The listing below should be printed in full and exactly, apart from its images.

---

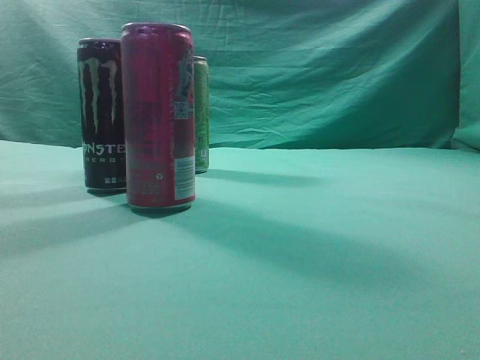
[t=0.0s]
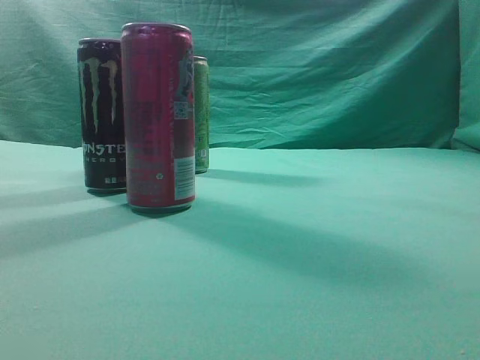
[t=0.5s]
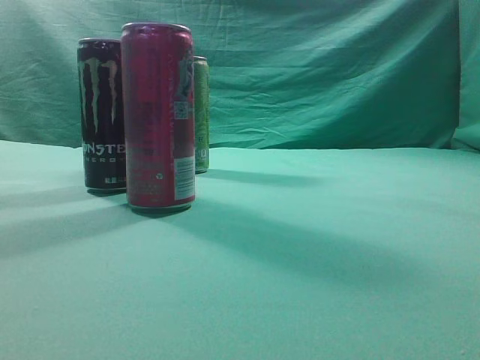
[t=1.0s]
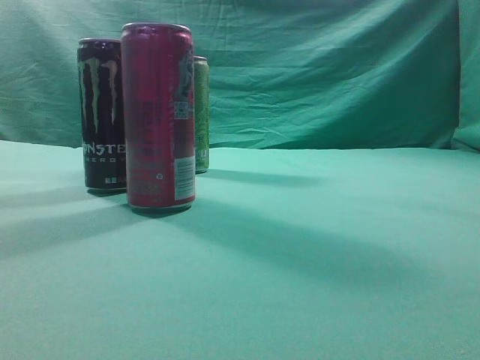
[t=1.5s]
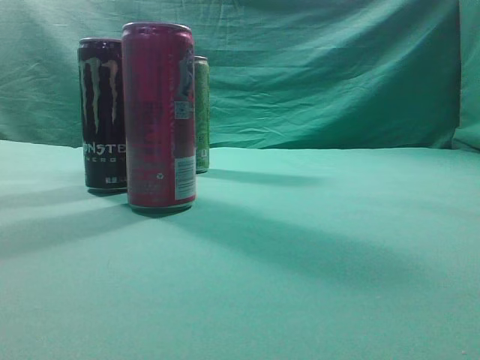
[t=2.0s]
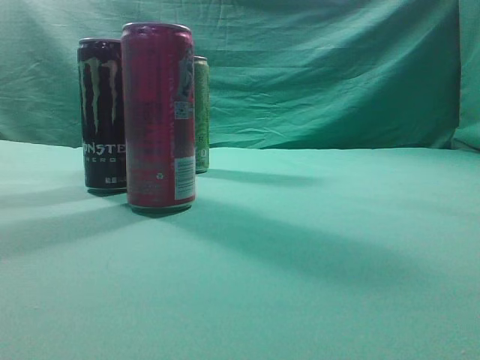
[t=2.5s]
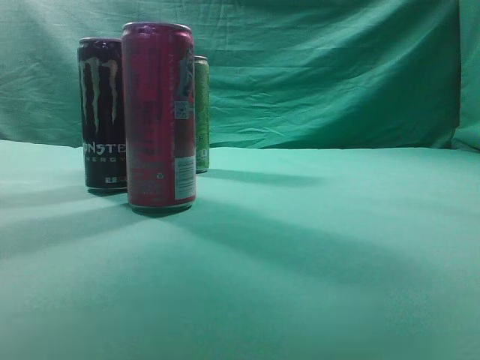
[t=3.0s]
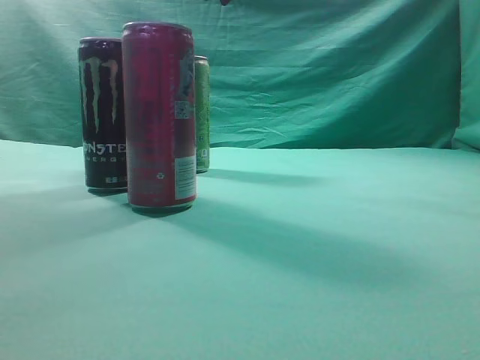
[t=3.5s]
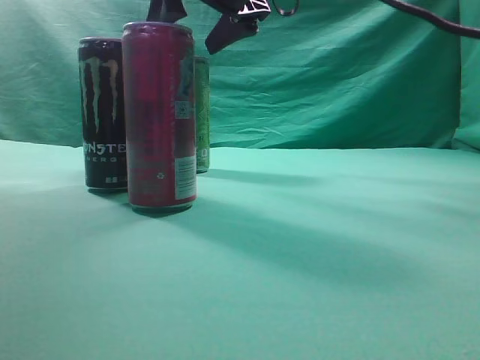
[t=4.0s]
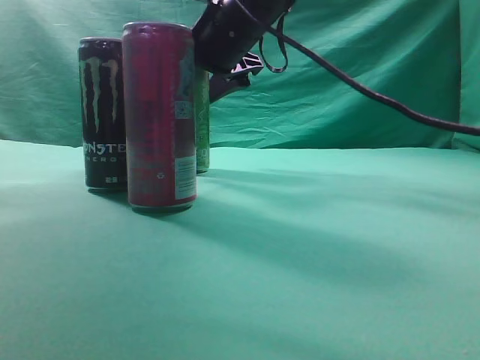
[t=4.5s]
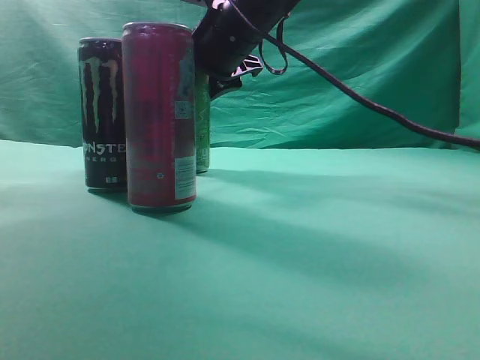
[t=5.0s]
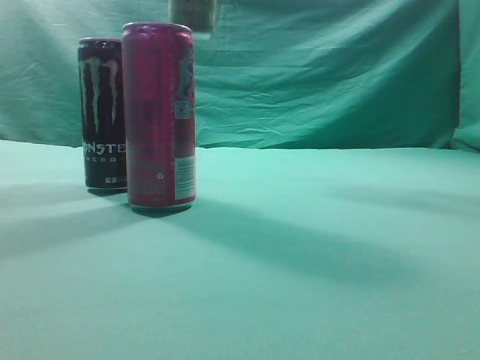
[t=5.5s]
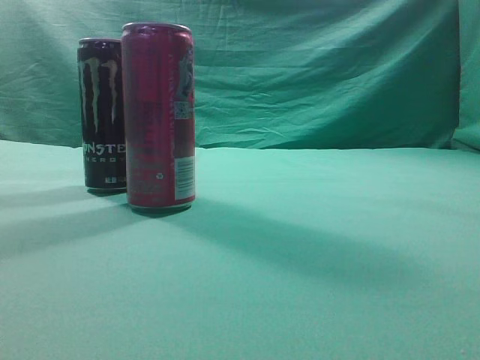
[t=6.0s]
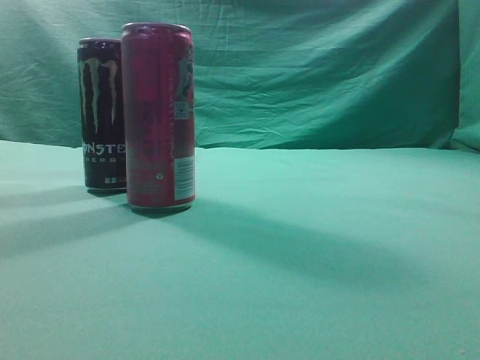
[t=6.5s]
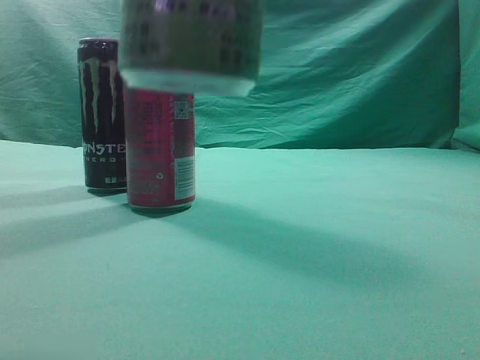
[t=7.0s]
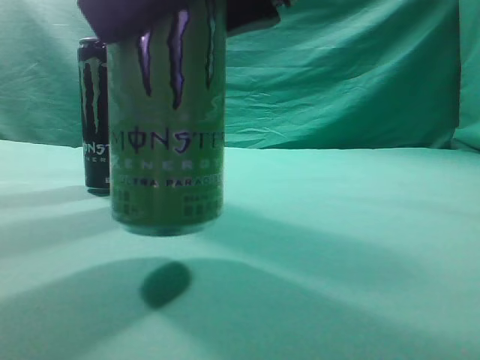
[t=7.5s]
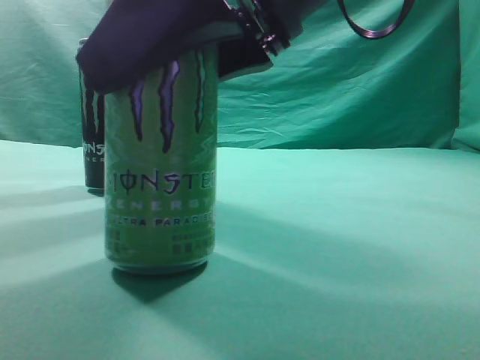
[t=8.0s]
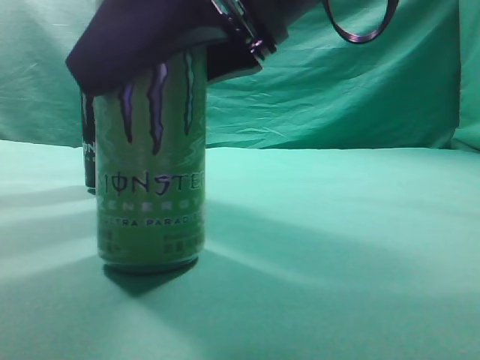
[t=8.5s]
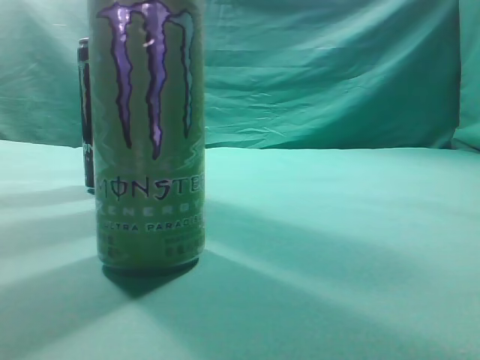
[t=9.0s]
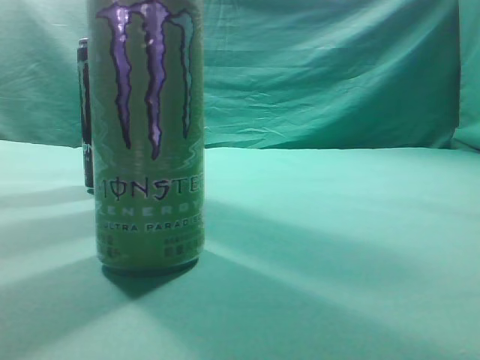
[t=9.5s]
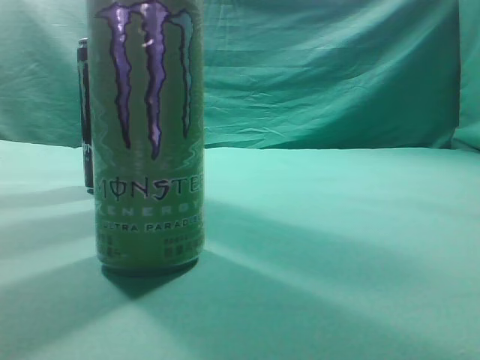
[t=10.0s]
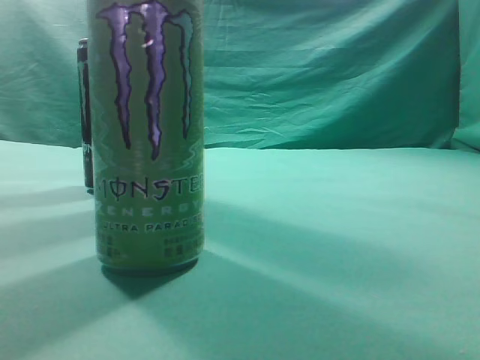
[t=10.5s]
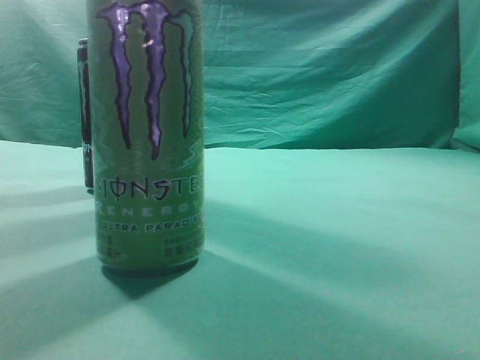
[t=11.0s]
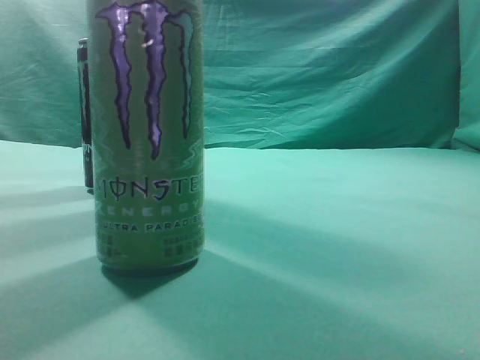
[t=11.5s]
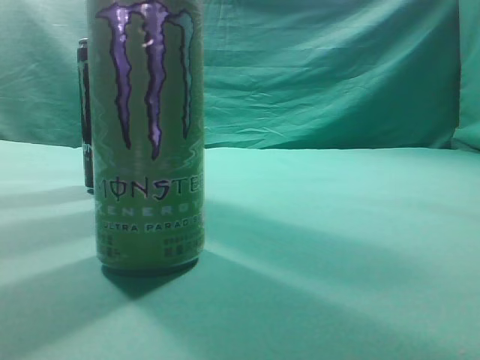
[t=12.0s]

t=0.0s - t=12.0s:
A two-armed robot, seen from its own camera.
Task of the whole recording: move one drink among three beverages.
Step, t=0.0s - t=5.0s: Grasp the beverage bottle placed at the back of the desk.
Step, t=5.5s - t=8.5s: Place the beverage bottle to the front of the table.
t=2.0s - t=4.0s: The right gripper heads forward and to the left, covering roughly 50 cm, and opens its fingers.
t=4.0s - t=6.0s: The right gripper travels upward, backward and to the right by roughly 25 cm.
t=6.0s - t=8.0s: The right gripper travels downward by some 25 cm.
t=8.0s - t=10.0s: The right gripper travels upward, backward and to the right by approximately 30 cm, and closes its fingers.

---

→ **SOLUTION TO THIS TASK**
[t=0.0s]
[t=0.5s]
[t=1.0s]
[t=1.5s]
[t=2.0s]
[t=2.5s]
[t=3.0s]
[t=3.5s]
[t=4.0s]
[t=4.5s]
[t=5.0s]
[t=5.5s]
[t=6.0s]
[t=6.5s]
[t=7.0s]
[t=7.5s]
[t=8.0s]
[t=8.5s]
[t=9.0s]
[t=9.5s]
[t=10.0s]
[t=10.5s]
[t=11.0s]
[t=11.5s]
[t=12.0s]

t=0.0s - t=12.0s:
A two-armed robot, seen from its own camera.
Task of the whole recording: move one drink among three beverages.
Step, t=0.0s - t=5.0s: Grasp the beverage bottle placed at the back of the desk.
Step, t=5.5s - t=8.5s: Place the beverage bottle to the front of the table.
t=2.0s - t=4.0s: The right gripper heads forward and to the left, covering roughly 50 cm, and opens its fingers.
t=4.0s - t=6.0s: The right gripper travels upward, backward and to the right by roughly 25 cm.
t=6.0s - t=8.0s: The right gripper travels downward by some 25 cm.
t=8.0s - t=10.0s: The right gripper travels upward, backward and to the right by approximately 30 cm, and closes its fingers.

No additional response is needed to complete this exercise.